IBF24 ran a contest during the 24 hour marathon webinar on intranets called “My Beautiful Intranet.” The winner: The European Space Agency.

 

The runners-up: RSA, CapitalOne, NATS and AMP.

William Hudson, IBF's Director of User Experience judged the competition. Congratulations to all the winners and thanks to everyone who took part.

You can see all the screenshots here (members of www.ibf24.com only), if you are a member. Some great designs for sure. For the life of me I could not locate the screenshot of the European Space Agency on that confusing site, but it must be pretty darn special to have beaten out Capital One and Schwab which both look to have outstanding intranets.

 

If any of the winners want to share their screenshots to a wider audience then please send them along and I’ll post them with any quotes or background you’d like, I can also do likewise to the Intranet Global Forum Facebook community.

 

There was lots learned by the recent IBF24 marathon. A lot of talk on innovation and leading intranet applications, etc.

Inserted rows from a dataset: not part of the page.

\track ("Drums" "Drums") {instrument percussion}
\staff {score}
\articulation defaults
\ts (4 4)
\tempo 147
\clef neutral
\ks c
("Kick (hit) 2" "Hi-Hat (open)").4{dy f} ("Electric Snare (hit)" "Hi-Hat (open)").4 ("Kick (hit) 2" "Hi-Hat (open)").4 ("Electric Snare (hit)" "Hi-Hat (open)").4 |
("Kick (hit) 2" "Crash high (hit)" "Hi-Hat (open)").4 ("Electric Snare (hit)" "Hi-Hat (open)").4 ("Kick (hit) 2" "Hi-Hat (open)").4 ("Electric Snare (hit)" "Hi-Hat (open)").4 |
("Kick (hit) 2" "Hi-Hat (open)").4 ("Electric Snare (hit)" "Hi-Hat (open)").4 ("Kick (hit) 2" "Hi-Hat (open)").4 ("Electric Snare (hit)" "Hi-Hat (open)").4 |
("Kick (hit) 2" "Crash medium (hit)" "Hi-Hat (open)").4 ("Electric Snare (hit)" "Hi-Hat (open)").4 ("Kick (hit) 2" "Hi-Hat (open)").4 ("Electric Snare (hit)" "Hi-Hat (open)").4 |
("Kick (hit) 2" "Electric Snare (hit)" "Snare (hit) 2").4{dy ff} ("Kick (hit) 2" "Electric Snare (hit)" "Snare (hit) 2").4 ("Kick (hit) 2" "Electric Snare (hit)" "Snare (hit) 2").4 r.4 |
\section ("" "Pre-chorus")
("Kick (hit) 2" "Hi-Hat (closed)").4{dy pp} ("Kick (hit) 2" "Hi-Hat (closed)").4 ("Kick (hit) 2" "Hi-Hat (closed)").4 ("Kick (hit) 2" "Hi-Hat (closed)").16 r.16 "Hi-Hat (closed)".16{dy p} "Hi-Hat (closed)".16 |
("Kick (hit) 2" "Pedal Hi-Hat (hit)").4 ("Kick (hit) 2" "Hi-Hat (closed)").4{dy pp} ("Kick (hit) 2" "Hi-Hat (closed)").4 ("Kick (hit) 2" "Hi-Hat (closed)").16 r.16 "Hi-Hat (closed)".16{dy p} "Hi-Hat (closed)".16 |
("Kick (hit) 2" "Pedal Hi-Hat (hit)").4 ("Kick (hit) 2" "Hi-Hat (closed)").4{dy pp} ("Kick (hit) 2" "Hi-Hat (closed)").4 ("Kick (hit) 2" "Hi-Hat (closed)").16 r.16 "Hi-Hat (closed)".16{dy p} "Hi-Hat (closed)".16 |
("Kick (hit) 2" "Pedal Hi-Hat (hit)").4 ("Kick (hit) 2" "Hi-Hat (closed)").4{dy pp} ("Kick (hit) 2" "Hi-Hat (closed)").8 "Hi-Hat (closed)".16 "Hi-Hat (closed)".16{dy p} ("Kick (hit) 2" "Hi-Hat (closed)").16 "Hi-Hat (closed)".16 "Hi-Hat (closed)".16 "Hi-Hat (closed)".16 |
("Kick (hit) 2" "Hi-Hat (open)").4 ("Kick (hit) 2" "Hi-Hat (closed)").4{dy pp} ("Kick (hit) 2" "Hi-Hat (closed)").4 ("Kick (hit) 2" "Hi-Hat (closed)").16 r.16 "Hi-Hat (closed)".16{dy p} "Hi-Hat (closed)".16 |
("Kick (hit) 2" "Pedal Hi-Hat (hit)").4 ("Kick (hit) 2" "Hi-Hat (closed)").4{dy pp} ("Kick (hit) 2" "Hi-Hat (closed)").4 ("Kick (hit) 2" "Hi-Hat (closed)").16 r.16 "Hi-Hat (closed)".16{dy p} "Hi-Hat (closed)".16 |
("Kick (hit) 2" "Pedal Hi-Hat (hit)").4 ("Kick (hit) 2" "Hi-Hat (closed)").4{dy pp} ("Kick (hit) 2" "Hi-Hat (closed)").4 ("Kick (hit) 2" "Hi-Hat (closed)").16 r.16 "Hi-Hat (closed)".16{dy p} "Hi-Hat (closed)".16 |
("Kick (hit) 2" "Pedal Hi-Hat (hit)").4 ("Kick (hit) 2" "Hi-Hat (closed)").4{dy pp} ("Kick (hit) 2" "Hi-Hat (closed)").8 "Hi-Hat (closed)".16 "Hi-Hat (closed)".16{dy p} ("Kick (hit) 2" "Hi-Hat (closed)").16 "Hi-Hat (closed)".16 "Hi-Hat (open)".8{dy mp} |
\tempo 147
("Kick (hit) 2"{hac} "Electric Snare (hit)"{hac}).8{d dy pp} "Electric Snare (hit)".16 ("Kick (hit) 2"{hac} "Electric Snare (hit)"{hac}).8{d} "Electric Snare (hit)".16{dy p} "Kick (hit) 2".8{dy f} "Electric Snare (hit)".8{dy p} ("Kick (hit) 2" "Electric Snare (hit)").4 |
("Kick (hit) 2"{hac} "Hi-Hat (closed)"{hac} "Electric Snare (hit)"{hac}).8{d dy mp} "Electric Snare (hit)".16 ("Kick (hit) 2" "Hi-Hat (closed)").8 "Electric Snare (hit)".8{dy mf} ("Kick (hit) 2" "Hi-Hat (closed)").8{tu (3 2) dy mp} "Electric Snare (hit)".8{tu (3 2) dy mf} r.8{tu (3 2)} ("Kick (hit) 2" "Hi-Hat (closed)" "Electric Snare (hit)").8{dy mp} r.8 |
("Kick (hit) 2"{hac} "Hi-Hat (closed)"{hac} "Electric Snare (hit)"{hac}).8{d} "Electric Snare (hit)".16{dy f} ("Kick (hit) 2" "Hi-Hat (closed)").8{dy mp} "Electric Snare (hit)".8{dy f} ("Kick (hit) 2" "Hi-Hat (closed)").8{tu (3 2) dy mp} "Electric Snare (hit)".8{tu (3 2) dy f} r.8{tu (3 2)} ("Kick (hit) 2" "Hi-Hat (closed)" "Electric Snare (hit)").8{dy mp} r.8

I believe IBF is going to sell the CD or DVD of the presentations, and I would highly recommend the ones on the IBM intranet, the Nissan intranet, and the one on Nokia (it was under the Enterprise 2.0 segment, and had absolutely zero to do with Enterprise 2.0, but it is a strong intranet and I like how they’ve integrated text messaging (like Nissan) into their intranet portal home page.

 

One intranet manager, Kurt (I’ll not divulge his full name nor his organization for the sake of fulfilling his confidentially obligations to his organization) informed me that one of the most popular features on his company’s intranet (a financial services organization of more than 10,000 employees) is a ‘jumpword’ application. A jumpword tool is attached to the search engine and allows people to seek out the best results which are manually coded to a specific keyword search.

 

“One of the areas we have issues on is our navigation and providing more service to the employee on our intranet,” says Kurt.  “The jumpword application allows people to enter something like “performance” and it takes them to the performance management site, which is highly popular. It’s a good tool but has festered into over 2000 jumpwords which is a heavy indication that the navigation is not helping people get what they need.”

 

The jumpwords application is written in .NET with a backend SQL database. Employees fill out a request form (attached to the online application) requesting their jumpword and the URL they want it directed to. When a user types in the jumpword it does a lookup of the jumpword file and has logic that redirects them to the site associated URL. If there is no jumpword it brings them to the front search page.

 

This organization uses the FAST search engine – which is really quite good and highly rated so you get an idea of why manual jumpwords or ‘best bets’ should be a priority for any organization. The search engine can only do so much, and in the absence of a detailed taxonomy that requires mandatory and rigorous meta tagging, the search engine’s potential can be highly limited.  

 

Also supporting the intranet, owned by IT, with “a lot of the content governed by Employee Communications,” is the Interwoven TeamSite CMS platform, and a separate document sharing platform built on SharePoint (WSS, though migrating to MOSS 2007).  Kurt also tells me that content management is distributed or ‘decentralized’ with the respective owners responsible for updating their own content. The Employee Communications team provides guidelines on content structure but “due to not having a centralized owner and/or executive sponsor, teams opt many times to build their own sites using funding from their organizations – a major issue and has been for a while now.”

 

Yes, even really strong and innovative intranets have problems, and have much to improve, rework, and reinvent. It’s no surprise then that even the ‘most beautiful intranet’ is far from perfect and that the journey for most has only just begun.